On Mon, 29 Jun 2009 13:05:51 +0100, Paul Moore wrote:

>> As for a bytes version of sys.argv and os.environ, you're welcome to
>> propose a patch (this would be a separate issue on the aforementioned
>> issue tracker).
> 
> But please be aware that such a proposal would have to consider:
> 
> 1. That on Windows, the native form is the character version, and the
> bytes version would have to address all the same sorts of encoding
> issues that the OP is complaining about in the character versions. [1]

A bytes version doesn't make sense on Windows (at least, not on the
NT-based versions, and the DOS-based branch isn't worth bothering about,
IMHO).

Also, Windows *needs* to deal with characters due to the
fact that filenames, environment variables, etc are case-insensitive.

> 2. That the proposal address the question of how to write portable,
> robust, code (given that choosing argv vs argv_bytes based on
> sys.platform is unlikely to count as a good option...)

There is a tension here between robustness and portability. In my
situation, robustness means getting the "unadulterated" data. I can always
adulterate it myself if I need to.

> 3. Why defining your own argv_bytes as argv_bytes =
> [a.encode("iso-8859-1", "surrogateescape") for a in sys.argv] is
> insufficient (excluding issues with bugs, which will be fixed
> regardless) for the occasional cases where it's needed.

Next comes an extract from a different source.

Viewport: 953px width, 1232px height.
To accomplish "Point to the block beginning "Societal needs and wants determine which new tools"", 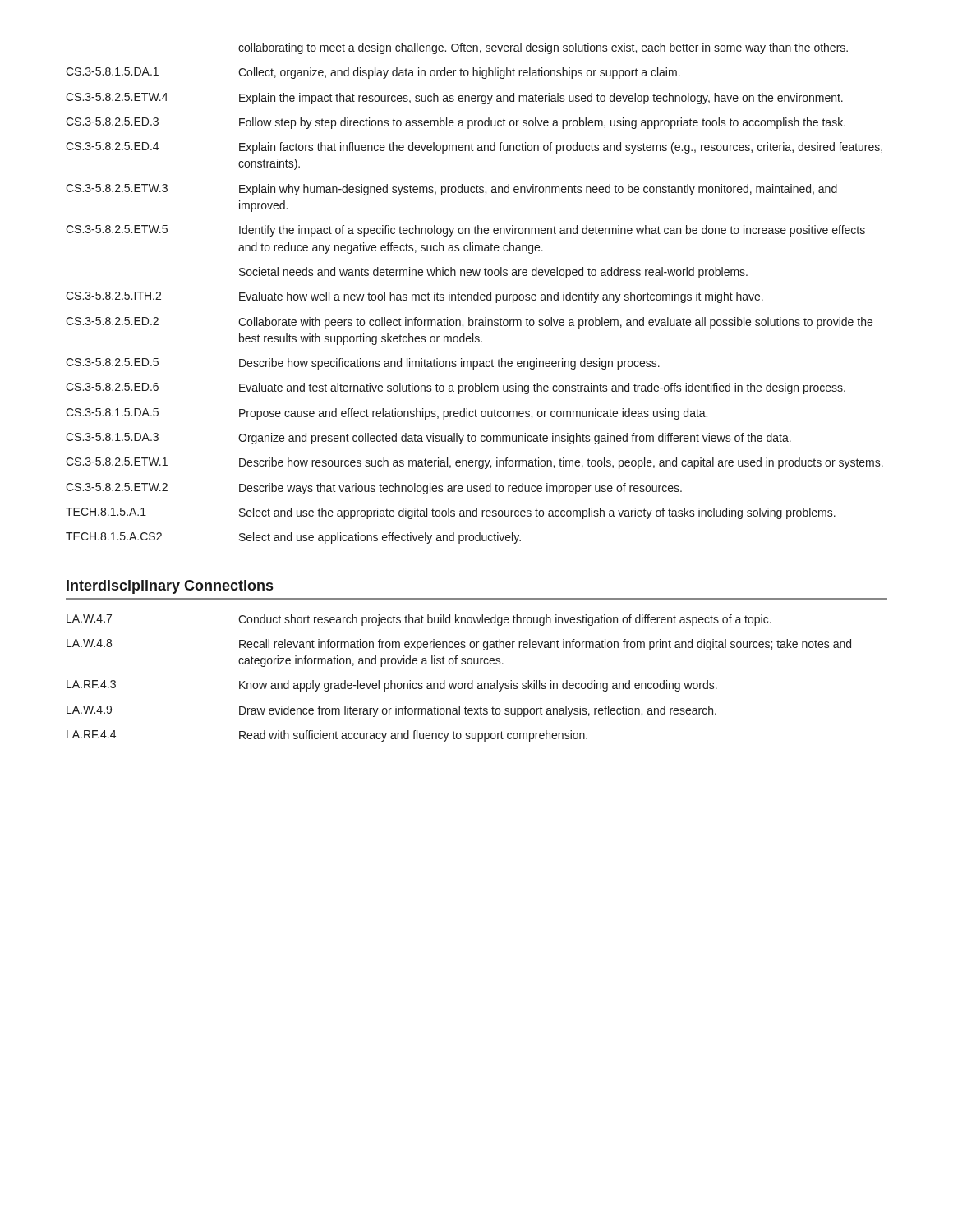I will (x=476, y=272).

Other than the bug, it appears to be sufficient. I don't need to support
a locale where nl_langinfo(CODESET) is ISO-2022 (I *do* need to support
lossless round-trip of ISO-2022 filenames, possibly stored in argv and
maybe even in environ, but that's a different matter; the code only
really needs to run with LANG=C).

> [1] And my understanding, from the PEP, is that even on POSIX, the
> argv and environ data is intended to be character data, even though
> the native C APIs expose a byte-oriented interface. So conceptually,
> character format is "correct" on POSIX as well... (But I don't write
> code for POSIX systems, so I'll leave it to the POSIX users to debate
> this point further).

Even if it's "intended" to be character data, it isn't *required* to be.
In particular, it's not required to be in the locale's encoding.

A common example of what I need to handle is:

	find /www ... -print0 | xargs -0 myscript

where the filenames can be in a wide variety of different encodings
(sometimes even within a single directory).